You’re Gonna Miss Me is an old-fashioned documentary, presenting the facts as objectively as possible without editorializing. The strength of the documentary is the great access director Keven McAlester got to the Erickson family. We see Roky in his run-down house cluttered with a plethora of electronic equipment all turned on to create an ungodly buzz and roar while Roky falls asleep watching cartoons on television. We see his mother and guardian surrounded by huge sheets of cardboard on which she has pasted pictures and printed her story so that the world will understand that she is not to blame. She freely explains that Jesus and yoga are far more effective than doctors and medication when it comes to treating schizophrenia.
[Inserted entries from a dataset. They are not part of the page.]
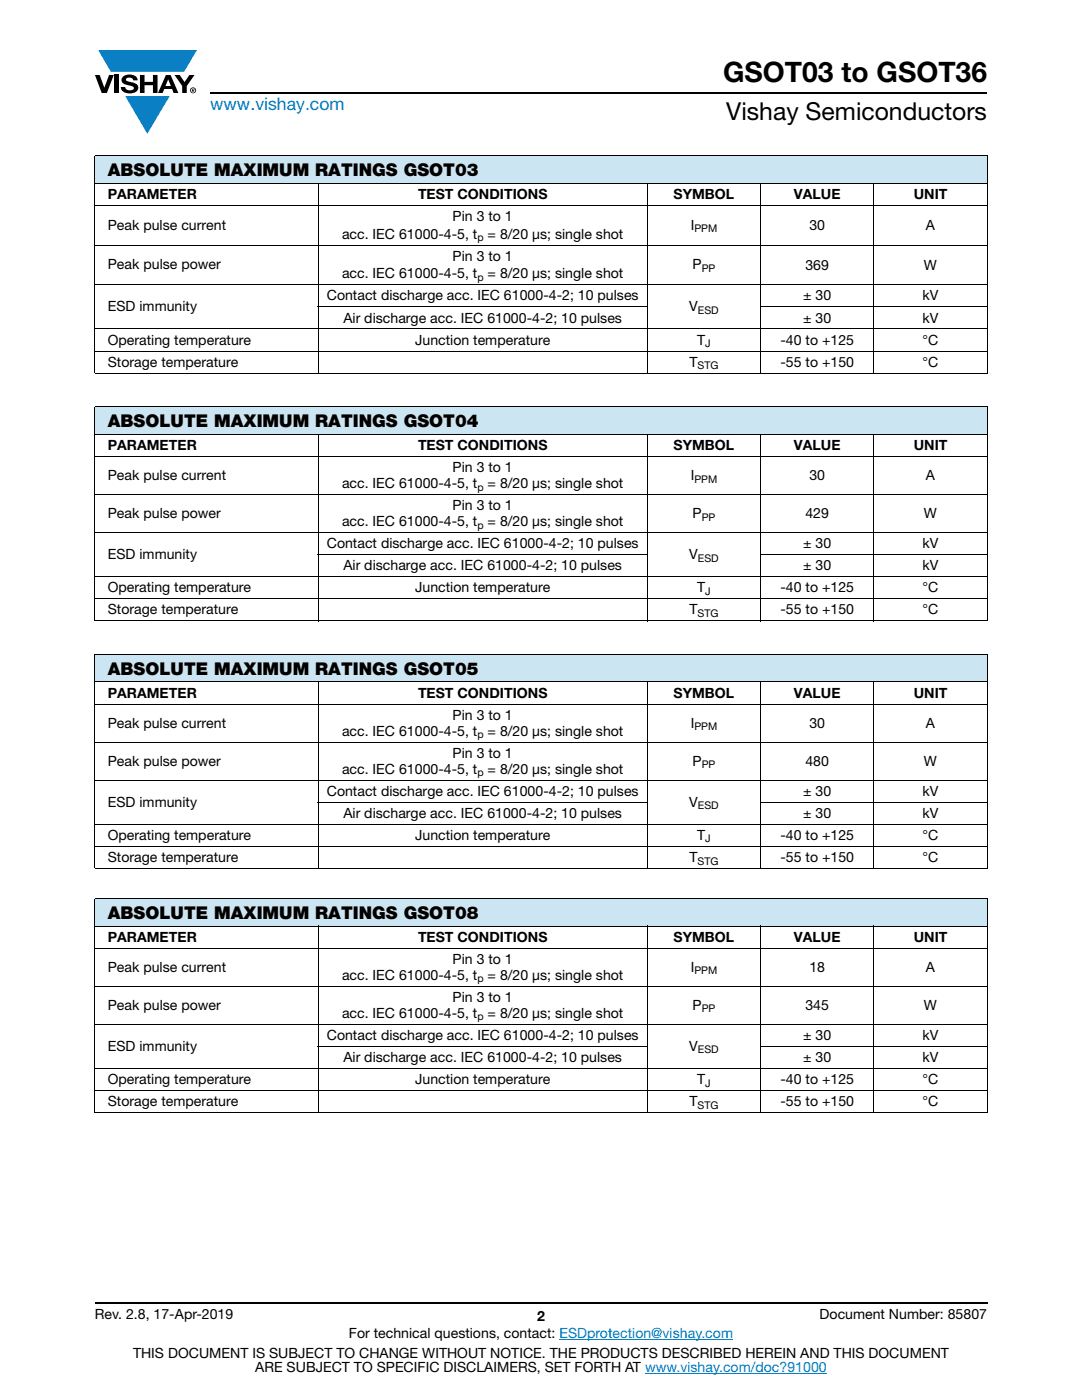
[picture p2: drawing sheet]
<svg xmlns="http://www.w3.org/2000/svg" width="216mm" height="279mm" viewBox="0 0 216 279" stroke-linecap="round" stroke-linejoin="round" font-family="sans-serif">
<defs><g id="words">
<text font-size="5.6" x="144.3" y="16.4">GSOT03 to GSOT36</text>
<text font-size="4.9" x="144.9" y="24">Vishay Semiconductors</text>
<text font-size="3.5" fill="#007ec4" x="42" y="21.9">www.vishay.com</text>
<g font-size="3.5">
<text x="21.5" y="35.2">ABSOLUTE MAXIMUM RATINGS GSOT03</text>
<text x="21.5" y="85.3">ABSOLUTE MAXIMUM RATINGS GSOT04</text>
<text x="21.5" y="134.7">ABSOLUTE MAXIMUM RATINGS GSOT05</text>
<text x="21.5" y="183.4">ABSOLUTE MAXIMUM RATINGS GSOT08</text>
</g>
<g font-size="2.8">
<text x="21.5" y="39.7">PARAMETER</text>
<text x="83.4" y="39.7">TEST CONDITIONS</text>
<text x="134.4" y="39.7">SYMBOL</text>
<text x="158.4" y="39.7">VALUE</text>
<text x="182.3" y="39.7">UNIT</text>
<text x="21.5" y="45.8">Peak pulse current</text>
<text x="68.2" y="47.6">acc. IEC 61000-4-5, t</text>
<text x="90.3" y="44.1">Pin 3 to 1</text>
<text x="97.3" y="47.6">= 8/20 μs; single shot</text>
<text x="137.8" y="45.8">I</text>
<text x="161.5" y="45.8">30</text>
<text x="184.7" y="45.8">A</text>
<text x="21.5" y="53.8">Peak pulse power</text>
<text x="90.3" y="52">Pin 3 to 1</text>
<text x="138.2" y="53.8">P</text>
<text x="160.7" y="53.8">369</text>
<text x="184.4" y="53.8">W</text>
<text x="65.2" y="60">Contact discharge acc. IEC 61000-4-2; 10 pulses</text>
<text x="68.2" y="55.5">acc. IEC 61000-4-5, t</text>
<text x="97.3" y="55.5">= 8/20 μs; single shot</text>
<text x="160.3" y="60">± 30</text>
<text x="184.1" y="60">kV</text>
<text x="21.5" y="62.2">ESD immunity</text>
<text x="68.5" y="64.4">Air discharge acc. IEC 61000-4-2; 10 pulses</text>
<text x="137.5" y="62.2">V</text>
<text x="160.3" y="64.4">± 30</text>
<text x="184.1" y="64.4">kV</text>
<text x="21.5" y="68.8">Operating temperature</text>
<text x="82.8" y="68.8">Junction temperature</text>
<text x="139.1" y="68.8">T</text>
<text x="155.7" y="68.8">-40 to +125</text>
<text x="184.1" y="68.8">°C</text>
<text x="21.5" y="73.2">Storage temperature</text>
<text x="137.6" y="73.2">T</text>
<text x="155.7" y="73.2">-55 to +150</text>
<text x="184.1" y="73.2">°C</text>
<text x="21.5" y="89.8">PARAMETER</text>
<text x="83.4" y="89.8">TEST CONDITIONS</text>
<text x="134.4" y="89.8">SYMBOL</text>
<text x="158.4" y="89.8">VALUE</text>
<text x="182.3" y="89.8">UNIT</text>
<text x="21.5" y="95.8">Peak pulse current</text>
<text x="90.3" y="94.2">Pin 3 to 1</text>
<text x="137.8" y="95.8">I</text>
<text x="161.5" y="95.8">30</text>
<text x="184.7" y="95.8">A</text>
<text x="68.2" y="97.4">acc. IEC 61000-4-5, t</text>
<text x="90.3" y="101.8">Pin 3 to 1</text>
<text x="97.3" y="97.4">= 8/20 μs; single shot</text>
<text x="21.5" y="103.4">Peak pulse power</text>
<text x="68.2" y="105">acc. IEC 61000-4-5, t</text>
<text x="97.3" y="105">= 8/20 μs; single shot</text>
<text x="138.2" y="103.4">P</text>
<text x="160.7" y="103.4">429</text>
<text x="184.4" y="103.4">W</text>
<text x="21.5" y="111.6">ESD immunity</text>
<text x="65.2" y="109.4">Contact discharge acc. IEC 61000-4-2; 10 pulses</text>
<text x="68.5" y="113.8">Air discharge acc. IEC 61000-4-2; 10 pulses</text>
<text x="137.5" y="111.6">V</text>
<text x="160.3" y="109.4">± 30</text>
<text x="160.3" y="113.8">± 30</text>
<text x="184.1" y="109.4">kV</text>
<text x="184.1" y="113.8">kV</text>
<text x="21.5" y="118.2">Operating temperature</text>
<text x="82.8" y="118.2">Junction temperature</text>
<text x="139.1" y="118.2">T</text>
<text x="155.7" y="118.2">-40 to +125</text>
<text x="184.1" y="118.2">°C</text>
<text x="21.5" y="122.6">Storage temperature</text>
<text x="137.6" y="122.6">T</text>
<text x="155.7" y="122.6">-55 to +150</text>
<text x="184.1" y="122.6">°C</text>
<text x="21.5" y="139.2">PARAMETER</text>
<text x="83.4" y="139.2">TEST CONDITIONS</text>
<text x="90.3" y="143.6">Pin 3 to 1</text>
<text x="134.4" y="139.2">SYMBOL</text>
<text x="158.4" y="139.2">VALUE</text>
<text x="182.3" y="139.2">UNIT</text>
<text x="21.5" y="145.2">Peak pulse current</text>
<text x="68.2" y="146.8">acc. IEC 61000-4-5, t</text>
<text x="97.3" y="146.8">= 8/20 μs; single shot</text>
<text x="137.8" y="145.2">I</text>
<text x="161.5" y="145.2">30</text>
<text x="184.7" y="145.2">A</text>
<text x="21.5" y="152.8">Peak pulse power</text>
<text x="68.2" y="154.4">acc. IEC 61000-4-5, t</text>
<text x="90.3" y="151.2">Pin 3 to 1</text>
<text x="97.3" y="154.4">= 8/20 μs; single shot</text>
<text x="138.2" y="152.8">P</text>
<text x="160.7" y="152.8">480</text>
<text x="184.4" y="152.8">W</text>
<text x="21.5" y="161">ESD immunity</text>
<text x="65.2" y="158.8">Contact discharge acc. IEC 61000-4-2; 10 pulses</text>
<text x="137.5" y="161">V</text>
<text x="160.3" y="158.8">± 30</text>
<text x="184.1" y="158.8">kV</text>
<text x="21.5" y="167.6">Operating temperature</text>
<text x="68.5" y="163.2">Air discharge acc. IEC 61000-4-2; 10 pulses</text>
<text x="82.8" y="167.6">Junction temperature</text>
<text x="139.1" y="167.6">T</text>
<text x="155.7" y="167.6">-40 to +125</text>
<text x="160.3" y="163.2">± 30</text>
<text x="184.1" y="167.6">°C</text>
<text x="184.1" y="163.2">kV</text>
<text x="21.5" y="172">Storage temperature</text>
<text x="137.6" y="172">T</text>
<text x="155.7" y="172">-55 to +150</text>
<text x="184.1" y="172">°C</text>
<text x="21.5" y="187.9">PARAMETER</text>
<text x="83.4" y="187.9">TEST CONDITIONS</text>
<text x="134.4" y="187.9">SYMBOL</text>
<text x="158.4" y="187.9">VALUE</text>
<text x="182.3" y="187.9">UNIT</text>
<text x="21.5" y="193.9">Peak pulse current</text>
<text x="68.2" y="195.5">acc. IEC 61000-4-5, t</text>
<text x="90.3" y="192.3">Pin 3 to 1</text>
<text x="97.3" y="195.5">= 8/20 μs; single shot</text>
<text x="137.8" y="193.9">I</text>
<text x="161.5" y="193.9">18</text>
<text x="184.7" y="193.9">A</text>
<text x="21.5" y="201.5">Peak pulse power</text>
<text x="68.2" y="203.1">acc. IEC 61000-4-5, t</text>
<text x="90.3" y="199.9">Pin 3 to 1</text>
<text x="97.3" y="203.1">= 8/20 μs; single shot</text>
<text x="138.2" y="201.5">P</text>
<text x="160.7" y="201.5">345</text>
<text x="184.4" y="201.5">W</text>
<text x="21.5" y="209.7">ESD immunity</text>
<text x="65.2" y="207.5">Contact discharge acc. IEC 61000-4-2; 10 pulses</text>
<text x="137.5" y="209.7">V</text>
<text x="160.3" y="207.5">± 30</text>
<text x="184.1" y="207.5">kV</text>
<text x="68.5" y="211.9">Air discharge acc. IEC 61000-4-2; 10 pulses</text>
<text x="160.3" y="211.9">± 30</text>
<text x="184.1" y="211.9">kV</text>
<text x="21.5" y="220.7">Storage temperature</text>
<text x="21.5" y="216.3">Operating temperature</text>
<text x="82.8" y="216.3">Junction temperature</text>
<text x="137.6" y="220.7">T</text>
<text x="139.1" y="216.3">T</text>
<text x="155.7" y="216.3">-40 to +125</text>
<text x="155.7" y="220.7">-55 to +150</text>
<text x="184.1" y="216.3">°C</text>
<text x="184.1" y="220.7">°C</text>
<text x="18.9" y="263.3">Rev. 2.8, 17-Apr-2019</text>
<text x="107.2" y="263.6">2</text>
<text x="163.6" y="263.3">Document Number: 85807</text>
<text x="69.6" y="267.1">For technical questions, contact: ESDprotection@vishay.com</text>
<text x="26.5" y="271">THIS DOCUMENT IS SUBJECT TO CHANGE WITHOUT NOTICE. THE PRODUCTS DESCRIBED HEREIN AND THIS DOCUMENT</text>
<text x="50.9" y="273.8">ARE SUBJECT TO SPECIFIC DISCLAIMERS, SET FORTH AT www.vishay.com/doc?91000</text>
</g>
<g font-size="2.1">
<text x="138.6" y="46.4">PPM</text>
<text x="95.3" y="48.1">p</text>
<text x="95.3" y="56">p</text>
<text x="140" y="54.3">PP</text>
<text x="139.3" y="62.7">ESD</text>
<text x="140.7" y="69.3">J</text>
<text x="139.2" y="73.7">STG</text>
<text x="95.3" y="97.9">p</text>
<text x="138.6" y="96.3">PPM</text>
<text x="95.3" y="105.5">p</text>
<text x="140" y="103.9">PP</text>
<text x="139.3" y="112.1">ESD</text>
<text x="140.7" y="118.7">J</text>
<text x="139.2" y="123.1">STG</text>
<text x="95.3" y="147.3">p</text>
<text x="138.6" y="145.7">PPM</text>
<text x="95.3" y="154.9">p</text>
<text x="140" y="153.3">PP</text>
<text x="139.3" y="161.5">ESD</text>
<text x="139.2" y="172.5">STG</text>
<text x="140.7" y="168.1">J</text>
<text x="95.3" y="196">p</text>
<text x="138.6" y="194.4">PPM</text>
<text x="95.3" y="203.6">p</text>
<text x="140" y="202">PP</text>
<text x="139.3" y="210.2">ESD</text>
<text x="139.2" y="221.3">STG</text>
<text x="140.7" y="216.9">J</text>
</g>
</g></defs>
<g fill="#0a7fc3">
<path d="M19.6 10h19.7l-2.6 4.3h-1.1h-13.5z"/>
<path d="M25 19.2h8.9l-4.5 7.5z"/>
</g>
<g fill="#000">
<path d="M18.9 15h1l.9 2.5 1-2.5h.9l-1.4 3.6h-1zM22.9 15h.9v3.6h-.9zM24.6 15.3a2.1 2.1 0 0 1 2.8 .3l.1 .4h-.9a.79 .79 0 0 0-.7-.5 .79 .79 0 0 0-.8 .4l.3 .3 1 .2a1.08 1.08 0 0 1 1.2 1 1.08 1.08 0 0 1-1.1 1.2 1.73 1.73 0 0 1-2.4-1.2h.9a.96 .96 0 0 0 .8 .6 .96 .96 0 0 0 .9-.4 1.31 1.31 0 0 0-1.2-.6 1.03 1.03 0 0 1-1.1-.6 1.03 1.03 0 0 1 .2-1.1zM27.9 15h.9v1.3h1.7v-1.3h.9v3.6h-.9v-1.6h-1.7v1.6h-.9zM34.8 15h1.1l.9 1.4 1-1.4h1l-1.5 2.2v1.4h-.9v-1.4z"/>
<path d="M33.6 15.9l.5 1.3h-1.1zM33.1 15l-1.6 3.6h1l.3-.8h1.5l.3 .8h1l-1.6-3.6z"/>
<path d="M38.4 17.8h.2v.2h-.2zM38.3 17.7v.7h.1v-.3l.4 .3-.2-.3 .2-.2-.1-.2z"/>
<path d="M38.1 18a.46 .46 0 0 1 .9 0 .46 .46 0 0 1-.9 0zM37.9 18a.6 .6 0 0 0 1.2 0 .6 .6 0 0 0-1.2 0z"/>
</g>
<path d="M42 18.6h155M18.9 260h178.1" fill="none" stroke="#000" stroke-width=".36"/>
<path d="M111.6 267.3h34.7M128.7 274h36.3" fill="none" stroke="#007ec4" stroke-width=".2"/>
<path d="M18.9 31.1h178.1v5.5h-178.1z" fill="#cce5f3"/>
<g fill="none" stroke="#000" stroke-width=".2">
<path d="M18.9 31.1h178.1M18.9 36.6h178.1M18.9 31.1v43.3M63.5 36.5v38.1M129.2 36.5v38.1M151.8 36.5v38.1M174.4 36.5v38.1M197 31.1v43.3M18.9 41h178.1M18.9 48.9h178.1M18.9 56.8h178.1M18.9 65.7h178.1"/>
<path d="M18.9 70.1h178.1M18.9 74.5h178.1M63.4 61.3h65.9M151.7 61.3h45.3"/>
</g>
<path d="M18.9 81.2h178.1v5.5h-178.1z" fill="#cce5f3"/>
<g fill="none" stroke="#000" stroke-width=".2">
<path d="M18.9 81.2h178.1M18.9 86.7h178.1M18.9 91.1h178.1M18.9 98.7h178.1M18.9 81.3v42.5M63.5 86.6v37.4M129.2 86.6v37.4M151.8 86.6v37.4M174.4 86.6v37.4M197 81.3v42.5M18.9 106.3h178.1M18.9 115.1h178.1"/>
<path d="M18.9 119.5h178.1M63.4 110.7h65.9M151.7 110.7h45.3M18.9 123.9h178.1"/>
</g>
<path d="M18.9 130.6h178.1v5.5h-178.1z" fill="#cce5f3"/>
<g fill="none" stroke="#000" stroke-width=".2">
<path d="M18.9 130.6h178.1M18.9 136.1h178.1M18.9 130.7v42.5M63.5 136v37.4M129.2 136v37.4M151.8 136v37.4M174.4 136v37.4M197 130.7v42.5M18.9 140.5h178.1M18.9 148.1h178.1M18.9 155.7h178.1M18.9 164.5h178.1"/>
<path d="M18.9 168.9h178.1M18.9 173.3h178.1M63.4 160.1h65.9M151.7 160.1h45.3"/>
</g>
<path d="M18.9 179.3h178.1v5.5h-178.1z" fill="#cce5f3"/>
<g fill="none" stroke="#000" stroke-width=".2">
<path d="M18.9 179.3h178.1M18.9 179.4v42.6M197 179.4v42.6M18.9 184.8h178.1M18.9 189.2h178.1M18.9 196.8h178.1M63.5 184.7v37.4M129.2 184.7v37.4M151.8 184.7v37.4M174.4 184.7v37.4M18.9 204.4h178.1M18.9 213.2h178.1"/>
<path d="M18.9 217.6h178.1M63.4 208.8h65.9M151.7 208.8h45.3M18.9 222h178.1"/>
</g>
<use href="#words"/>
</svg>

We meet briefly brother Don who was a drug addict and tried to kill himself, and two other brothers who present as ordinary guys, but most of all we meet Sumner, the youngest, who fled the house at 18, became a classical musician in a symphony orchestra, and wants “custody” of Roky. Sumner says something like “They say you can’t buy happiness, but I’ve paid for 10 years of therapy, and I know you can.”
The weakness of the documentary is that it doesn’t investigate. Ironically, this is also a strength, for it recreates realistically the immense complexity of behind a simple question of whether a man should live with his mother or his brother. Yet I was frustrated that the film did not investigate further the question that runs like a subtext beneath the entire documentary: Why is Roky the way he is? Was it hereditary mental illness? We see plenty of the eccentric mother and can make up our own mind, I suppose, but the film could have tackled the question directly. His father’s brief, taciturn appearance is eerie. We hear a few things about a dysfunctional family, but the film doesn’t dig into this either. Was the villain too much LSD and heroin? We hear from one and only one band member that the band leader Tommy Hall gave the guys way too much acid one time, but, despite a terrible trip, Roky came back for more. We hear that Roky got electro-shock treatments at the Rusk State Mental Hospital/Prison but no more details. Of course, there is no one cause, but I would have liked more information so that I could have understood in a preliminary way the mix. When we see Roky around 2000, he is the focus of a family feud, which we understand well, but he is also clearly mentally ill and brain damaged, which we don’t understand as well as I’d like to.